A search engine for a database of ~477 companies. You type a plain-English query like "pharmaceutical companies in Romania" and it finds the best matches, ranked by how well each company truly fits — not just by keywords.
Instead of a simple keyword search (which would just look for the word "pharmaceutical" in a text field), this system understands your query and scores each company based on what it actually does for a living.
Every query goes through 4 stages. Each stage is cheaper and faster than the one before it, and each stage throws out bad matches before passing the rest forward.
Your query
│
▼
┌──────────────────────────────────────────────────────┐
│ Stage 0 — Understand the query (< 1ms) │
│ Regex + keyword matching │
│ "pharmaceutical in Romania" → │
│ country = Romania │
│ industry = Pharmaceutical │
└─────────────────────┬────────────────────────────────┘
│
▼
┌──────────────────────────────────────────────────────┐
│ Stage 1 — Hard filters (< 1ms) │
│ Plain data matching, no AI 477 → ~26 │
│ "country = Romania" → keep only the │
│ 26 Romanian companies │
└─────────────────────┬────────────────────────────────┘
│
▼
┌──────────────────────────────────────────────────────┐
│ Stage 2A — Semantic search (instant) │
│ Pre-built FAISS vector index │
│ Finds the most semantically similar companies │
│ using sentence embeddings (local model) │
│ 26 → top 26 re-ranked by relevance │
└─────────────────────┬────────────────────────────────┘
│
▼
┌──────────────────────────────────────────────────────┐
│ Stage 2B — AI scoring (~4s) │
│ Llama-3.1-8B reads each company and │
│ scores it 0-10 for the query │
│ Uses NAICS industry code as primary signal │
└─────────────────────┬────────────────────────────────┘
│
▼
Final ranked list
(only green ≥ 70% shown)
The system reads your query using regex and keyword matching (no API call, instant). It extracts:
- Country — "Romania" →
ro, "France" →fr, "Scandinavia" →[se, no, dk] - Employee count — "more than 500 employees" →
min_employees = 500 - Revenue — "revenue over $50M" →
min_revenue = 50000000 - Public/private — "public companies" →
is_public = true - Industry — "pharmaceutical" → industry rule for the AI scorer
- Cities — "companies in Bucharest" → city-level filter
Example: "pharmaceutical companies in Romania" →
{ country: "ro", industry: "Pharmaceutical", criteria: ["primary business is pharma manufacturing or drug distribution (NOT generic chemicals)"] }
Pure data matching using pandas. No AI involved. If you said "Romania", only Romanian companies survive. If you said "more than 500 employees", companies with fewer are removed.
This alone can cut 477 companies down to 20-50 before the expensive stages even run.
Every company's name, description, industry label, and offerings are turned into a vector (a list of 384 numbers that captures the meaning of the text) using a local AI model called all-MiniLM-L6-v2.
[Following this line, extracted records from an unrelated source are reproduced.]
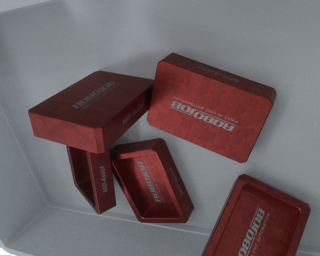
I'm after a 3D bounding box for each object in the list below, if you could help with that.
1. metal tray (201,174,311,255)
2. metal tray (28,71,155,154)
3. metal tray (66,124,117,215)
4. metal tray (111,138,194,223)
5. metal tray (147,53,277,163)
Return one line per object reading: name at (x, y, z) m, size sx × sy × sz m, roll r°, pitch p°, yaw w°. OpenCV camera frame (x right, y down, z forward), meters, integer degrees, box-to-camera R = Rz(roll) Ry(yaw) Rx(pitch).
metal tray at (0.110, 0.132, 0.367) m, size 0.090 × 0.130 × 0.030 m, roll 26°, pitch 160°, yaw 12°
metal tray at (-0.071, -0.026, 0.361) m, size 0.090 × 0.131 × 0.030 m, roll 13°, pitch 124°, yaw 21°
metal tray at (-0.107, 0.055, 0.468) m, size 0.090 × 0.030 × 0.129 m, roll 33°, pitch 135°, yaw 43°
metal tray at (-0.014, 0.083, 0.462) m, size 0.090 × 0.030 × 0.129 m, roll -11°, pitch 113°, yaw 32°
metal tray at (0.055, -0.023, 0.361) m, size 0.130 × 0.030 × 0.089 m, roll 23°, pitch 127°, yaw 14°
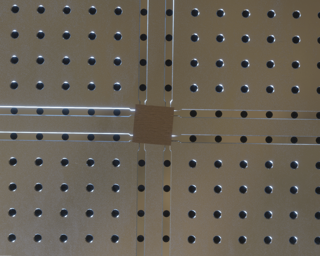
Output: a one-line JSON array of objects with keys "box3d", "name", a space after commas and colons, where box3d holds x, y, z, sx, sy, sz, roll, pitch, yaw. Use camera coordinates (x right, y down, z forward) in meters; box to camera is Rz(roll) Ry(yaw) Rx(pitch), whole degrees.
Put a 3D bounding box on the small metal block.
[{"box3d": [-0.009, -0.004, 0.413, 0.050, 0.025, 0.050, 5, 90, -1], "name": "small metal block"}]
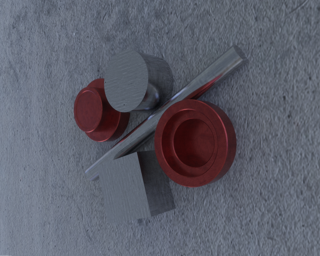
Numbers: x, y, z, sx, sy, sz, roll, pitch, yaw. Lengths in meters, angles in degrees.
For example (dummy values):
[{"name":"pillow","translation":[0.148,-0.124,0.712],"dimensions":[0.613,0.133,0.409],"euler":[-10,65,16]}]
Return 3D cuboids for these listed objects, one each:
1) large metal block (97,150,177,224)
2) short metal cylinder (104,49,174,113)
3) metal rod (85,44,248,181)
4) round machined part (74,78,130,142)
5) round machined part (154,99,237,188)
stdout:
[{"name":"large metal block","translation":[-0.033,0.079,0.418],"dimensions":[0.080,0.050,0.080],"euler":[-22,76,38]},{"name":"short metal cylinder","translation":[-0.029,-0.060,0.413],"dimensions":[0.080,0.050,0.079],"euler":[0,90,40]},{"name":"metal rod","translation":[-0.011,-0.003,0.417],"dimensions":[0.299,0.025,0.025],"euler":[-38,67,33]},{"name":"round machined part","translation":[-0.095,-0.027,0.473],"dimensions":[0.098,0.042,0.097],"euler":[0,90,40]},{"name":"round machined part","translation":[0.044,0.017,0.359],"dimensions":[0.098,0.042,0.097],"euler":[0,90,40]}]
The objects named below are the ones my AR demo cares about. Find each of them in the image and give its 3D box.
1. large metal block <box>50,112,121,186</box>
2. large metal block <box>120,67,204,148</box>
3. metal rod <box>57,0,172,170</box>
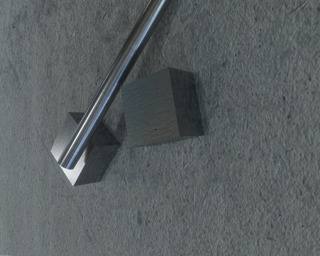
[{"bbox_3d":[-0.119,0.031,0.487,0.080,0.050,0.080,46,118,30],"label":"large metal block"},{"bbox_3d":[0.002,-0.022,0.388,0.080,0.050,0.080,-15,81,39],"label":"large metal block"},{"bbox_3d":[-0.055,-0.073,0.412,0.025,0.025,0.299,38,102,33],"label":"metal rod"}]
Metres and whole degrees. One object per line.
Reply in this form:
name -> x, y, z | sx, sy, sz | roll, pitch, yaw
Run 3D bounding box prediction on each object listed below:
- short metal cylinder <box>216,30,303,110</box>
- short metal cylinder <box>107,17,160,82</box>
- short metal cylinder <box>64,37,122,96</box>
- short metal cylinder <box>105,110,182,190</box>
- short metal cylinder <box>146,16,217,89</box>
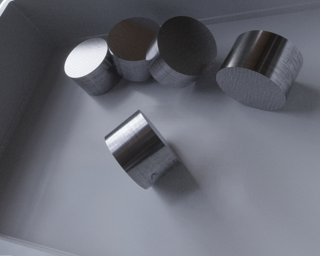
short metal cylinder -> 0.111, -0.063, 0.350 | 0.080, 0.080, 0.050 | 19, 72, 35
short metal cylinder -> -0.033, -0.116, 0.460 | 0.080, 0.050, 0.080 | -1, 65, 3
short metal cylinder -> -0.106, -0.100, 0.504 | 0.080, 0.050, 0.080 | -13, 56, 21
short metal cylinder -> -0.019, 0.025, 0.364 | 0.050, 0.080, 0.080 | -39, 51, 2
short metal cylinder -> 0.027, -0.098, 0.407 | 0.080, 0.080, 0.050 | -66, 12, -19
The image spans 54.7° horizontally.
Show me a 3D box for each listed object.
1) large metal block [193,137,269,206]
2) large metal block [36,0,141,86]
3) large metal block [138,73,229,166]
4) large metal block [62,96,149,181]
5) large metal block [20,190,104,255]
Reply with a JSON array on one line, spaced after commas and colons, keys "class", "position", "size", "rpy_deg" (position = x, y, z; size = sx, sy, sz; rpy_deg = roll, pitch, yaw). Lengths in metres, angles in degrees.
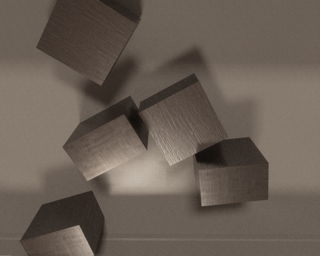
[{"class": "large metal block", "position": [0.088, 0.054, 0.403], "size": [0.080, 0.080, 0.050], "rpy_deg": [-6, 110, 2]}, {"class": "large metal block", "position": [-0.079, -0.109, 0.353], "size": [0.080, 0.050, 0.080], "rpy_deg": [30, 113, -11]}, {"class": "large metal block", "position": [0.029, -0.012, 0.394], "size": [0.080, 0.050, 0.080], "rpy_deg": [-28, 108, 9]}, {"class": "large metal block", "position": [-0.062, 0.010, 0.385], "size": [0.080, 0.080, 0.050], "rpy_deg": [-27, 108, 9]}, {"class": "large metal block", "position": [-0.131, 0.140, 0.432], "size": [0.080, 0.080, 0.050], "rpy_deg": [-17, 110, 6]}]
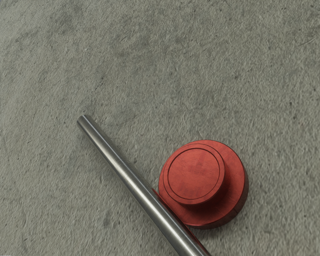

This is done once at startup and cached. At query time, your query is also turned into a vector, and the system finds the companies whose vectors are closest to yours — these are the most semantically relevant ones.
Think of it like: instead of searching for the exact word "pharmaceutical", it understands that "drug distributor", "medicine manufacturer", and "pharma wholesaler" all mean the same thing.
The remaining companies are sent in parallel batches to Llama-3.1-8B (a fast open-source language model hosted on featherless.ai). The model reads each company's name, NAICS industry code, and description, then scores it 0–10 based on how well it matches your query.
The scoring uses hard rules to avoid common mistakes:
- For a pharmaceutical query: if the company's NAICS code doesn't contain "pharmaceutical/drug/medicine" — maximum score of 2, regardless of description
- For a logistics query: energy/oil/gas companies score 0, even if they "distribute" a product
- The LLM focuses on what the company IS, not who its customers are
Batches run in parallel (all at the same time), so 26 companies in 3 batches takes the same time as 1 batch.
final_score = (llm_score / 10) + (embedding_similarity × 0.01)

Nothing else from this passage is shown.